To whom might we turn if we were to establish some kind of urgent Canadian task force on Iraqi reconstruction? I can think of some names from the public service offhand. I think of General John de Chastelain, who has performed excellent service in Ireland in circumstances that are not terribly dissimilar. I think of Margaret Catley-Carlson, a distinguished former deputy minister of health and former president of CIDA, who herself has headed international agencies dealing with children allied with the United Nations. I think of Huguette Labelle, a former chair of the Public Service of Canada, a former president of CIDA, and a distinguished Canadian public servant. That is just the beginning, and that is just from the public sector. There is a range of Canadians who could be drawn together if the government had the will to have Canada play a major role in reconstruction.

Let me raise one other matter that is of great concern to myself and to others.

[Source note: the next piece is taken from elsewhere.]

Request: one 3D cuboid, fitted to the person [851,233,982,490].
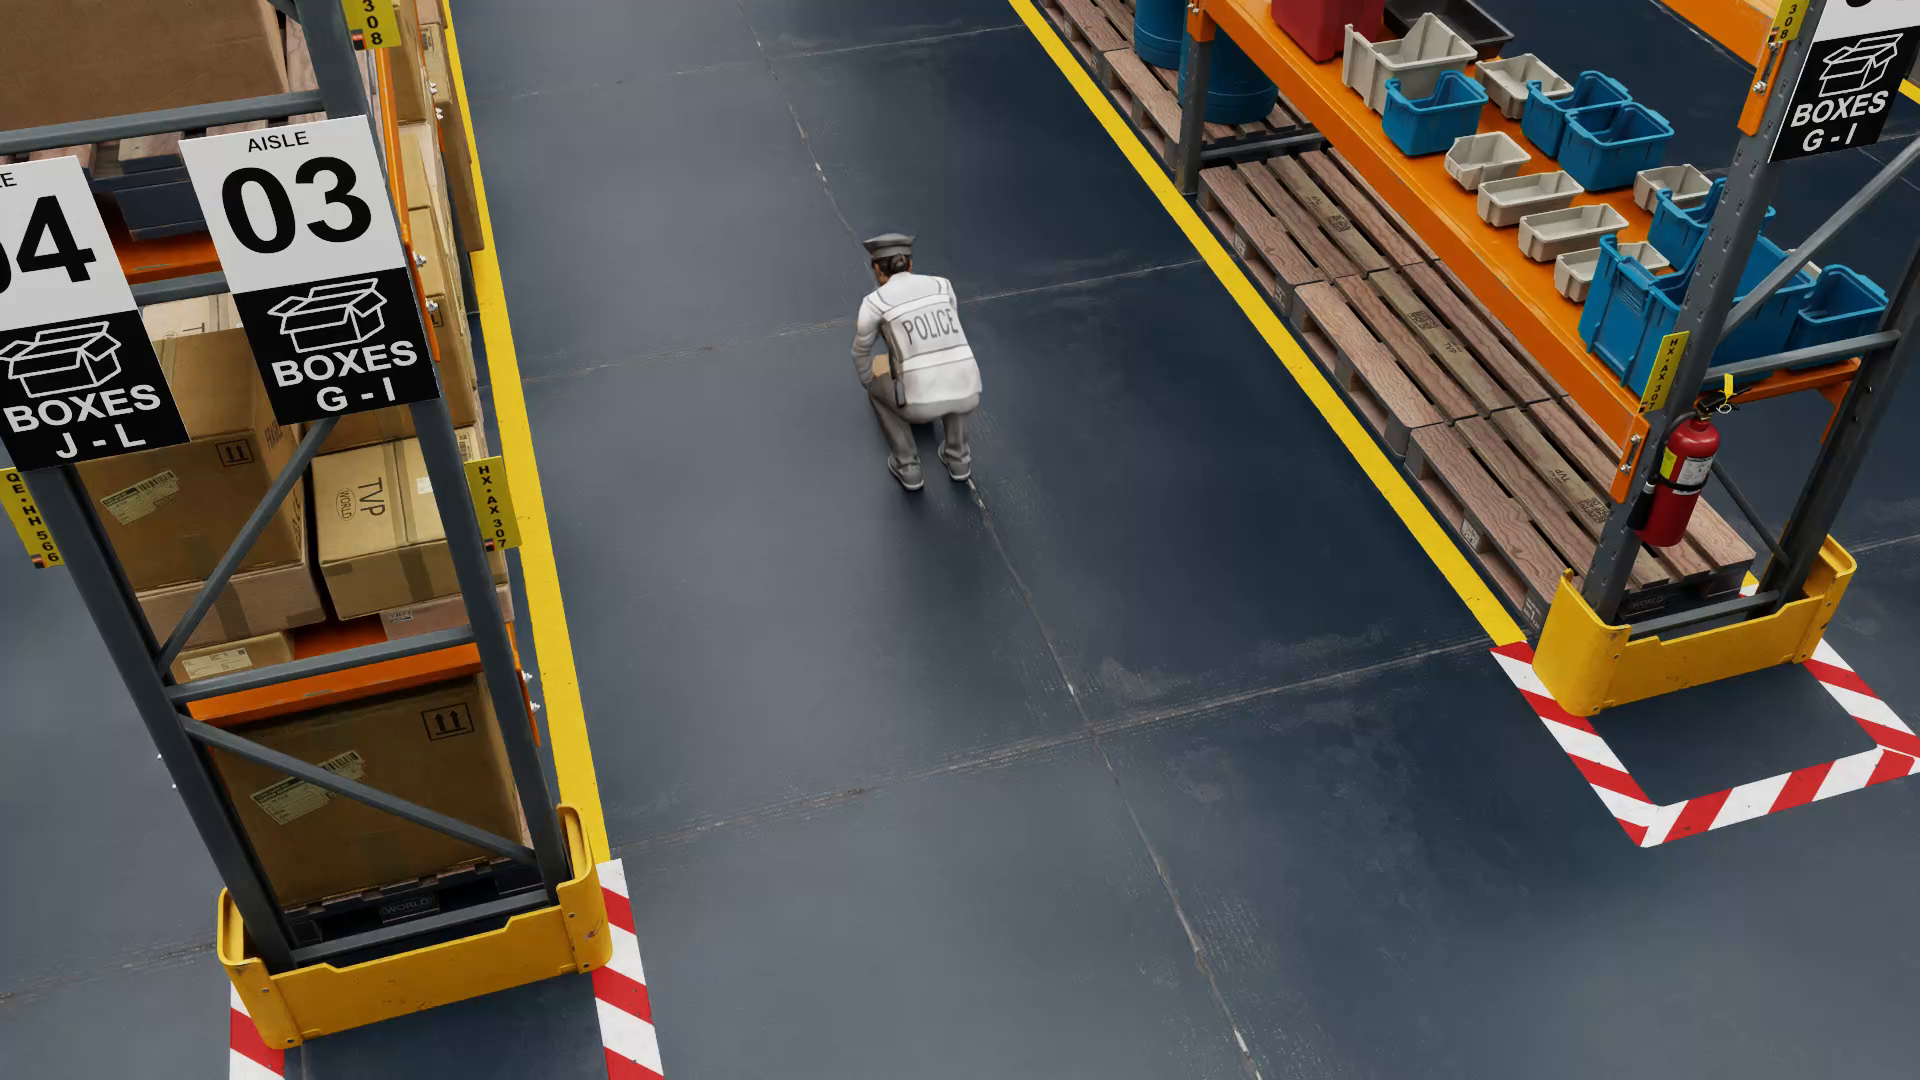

I alluded to the view among some in the Pentagon that this opportunity of post-war should be seized to try, not only in Iraq but elsewhere in the region, to establish a regime of values more like America. I consider that to be a prospect full of problems. It is something that we must deal with.

Last week, a former colleague of mine, a former secretary of state in the United States, and a person clearly prominent in the senior ranks of the Republican Party of the United States, James Baker, came to Toronto to spell out a vision of reconstruction that was very different from that being proposed in certain corners of the Pentagon. It is one that is more similar to the Canadian tradition. I found it interesting that Secretary Baker did not go to London. He did not speak to Paris. He came to Canada. He came to the one country that he knew was most likely to be inclined, and to have the capacity and the influence to mobilize this kind of alternative.

The world is faced with a real choice between what the United Nations can do in reconstruction and what might be left to the Pentagon. There is a division of view in the United States at its most senior levels. If we were looking to reassert our reputation with our neighbours, if we were looking to reassert our reputation as a country that could count in the world and change the world, this would be an ideal opportunity. We have the skills and the influence. There is an urgent need to do it. It is a by-product of doing what we should be doing as a country. In the world's interest we could materially improve our reputation with our neighbours, whether they know it or not, who need our help on this issue. We can certainly improve our reputation in the world and help make a material contribution to reconstruction in a land which, if it is left as things are now, could simply slide into some new kind of chaos.